Let us analyse it. Whence did the difficulty arise? Evidently not from the language. It was from the fact that we did not know what went before; that from what is given us here, a mere scrap of experience, we had to construct the whole; and from the fact that we had to follow a sequence of thoughts suggested by circumstances unknown to us, instead of, as is usual in poetry, a series of actions or events which serve as a backbone or substructure for the thought.
Herein lie the two main difficulties of appreciating that large class of Browning poetry known under the heading, dramatic monologues.
They are dramatic because they are spoken not in the person of the author, but in that of some imaginary character, whose personality the author assumes, but they differ from drama, as it is generally understood, first, because they are monologues, not dialogues; secondly, the circumstances, occasions, and settings of the monologues, instead of being suggested at the outset, are only indicated from time to time, and have to be picked up as we go along; thirdly, we have to follow a sequence of thoughts without any help from accompanying events or actions; and lastly, we are given no information, except incidentally, as to what goes before and comes after.
In other dramatic monologues of Browning the problem becomes more complicated, first, from the fact that in most of them he attempts to reveal a character, not merely a psychological situation, as in A Woman's Last Word; secondly, from the extraordinary variety of the characters he attempts to present.

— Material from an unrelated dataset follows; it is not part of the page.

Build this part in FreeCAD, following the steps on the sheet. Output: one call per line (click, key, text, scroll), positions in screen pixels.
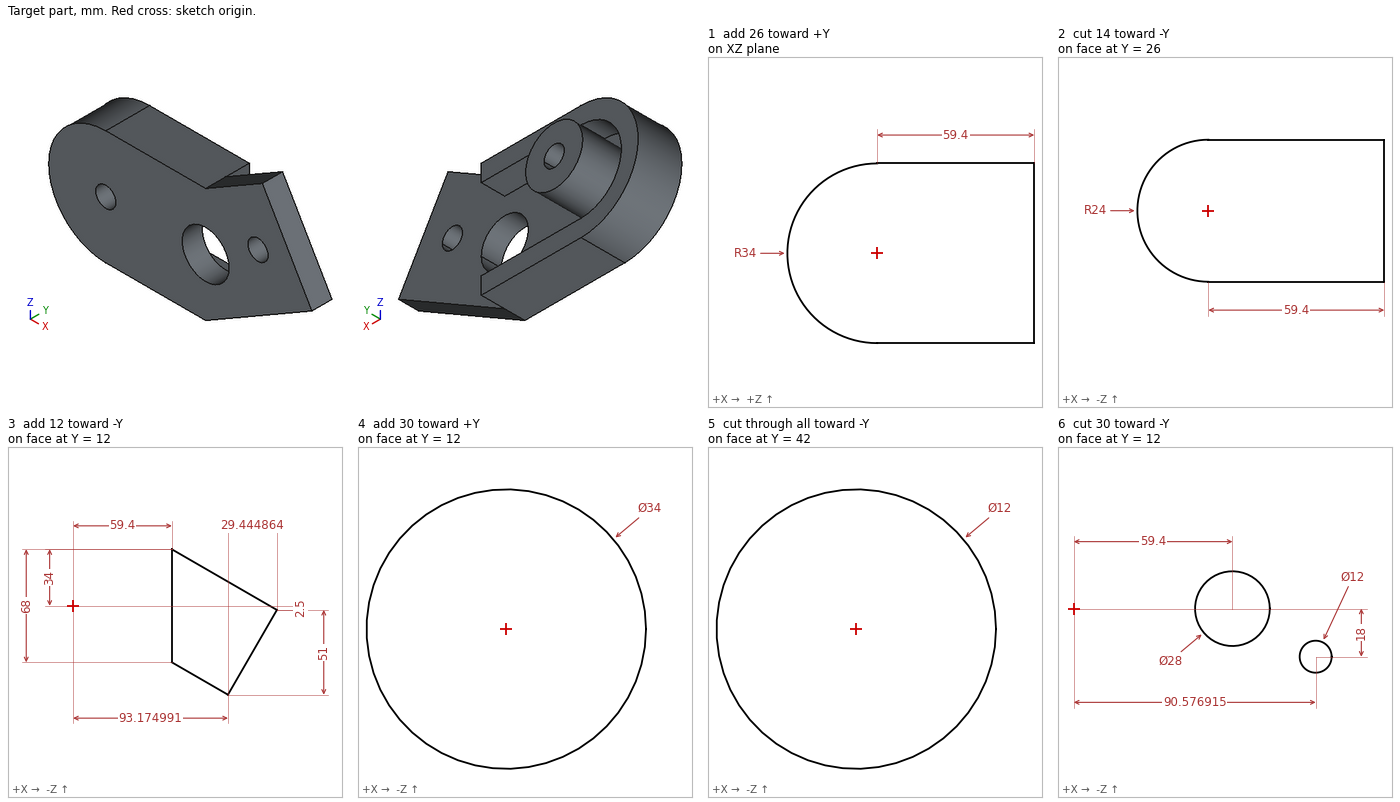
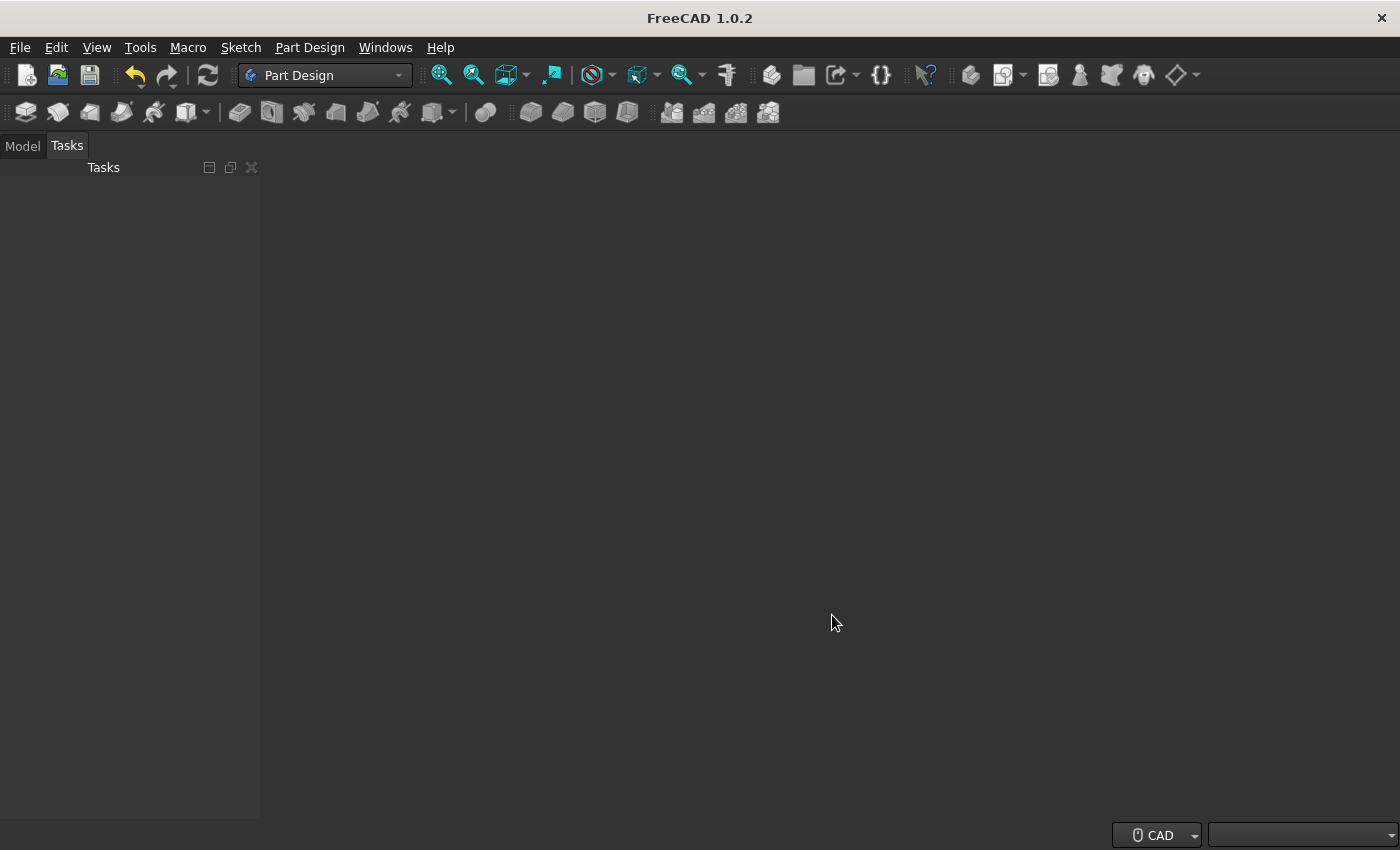
click(26, 76)

The characters into whose mouths Browning puts his poems are a very varied assortment. In one poem, perhaps, it is a Greek philosopher who speaks, in the next a modern English divine; now it is an Italian duke of the sixteenth century, and now an Italian patriot of the nineteenth century. Each of these personages has a definite atmosphere and a typical environment, and that atmosphere and environment we must construct for ourselves before we can appreciate the poem properly.
Take, for example, the two poems, Fra Lippo Lippi and Andrea del Sarto. Each of these deals not only with the character and some of the history of an individual Italian painter, but sets forth in addition a particular phase in the development of Italian art, and at the same time gives us an insight into Browning's theory of art. To appreciate these poems, then, we must know something of the history of the historic personages who are represented as speaking, something of the Italy of their time; we must know in outline at least something of the history of Italian art, and have some knowledge of the technicalities of painting. Very many of Browning's poems are concerned with periods and personages about whom the ordinary reader knows nothing, hence the absolute need of some sort of a commentary, or of constant recourse to an encyclopaedia in reading him.
There is another difficulty connected with Browning's favourite form, the dramatic monologue. Most of these poems are only scraps of experience; we get no information, except by hints, of what has gone before; we are equally left to guess what comes after. The problem before us is something like that of reconstructing a whole conversation of which we have overheard only a small part.
Again, many of the poems do not describe a series of events, but only a series of thoughts or reflections. Hence there is nothing or very little to guide us in grasping the connection between the various parts of the poem, and many of the poems have to be read and re-read many times before the meaning begins to dawn on us.
In A Woman's Last Word there is not a single difficult phrase. The whole difficulty arises from the fact that it is a scrap, and from the fact that it is a series of thoughts without any action to thread them together and to make them definite.
Browning's poems are sometimes difficult to read because the ideas which he is expressing are profound and difficult to grasp; but far more often they are difficult because of his extraordinary way of expressing perfectly simple and easy ideas.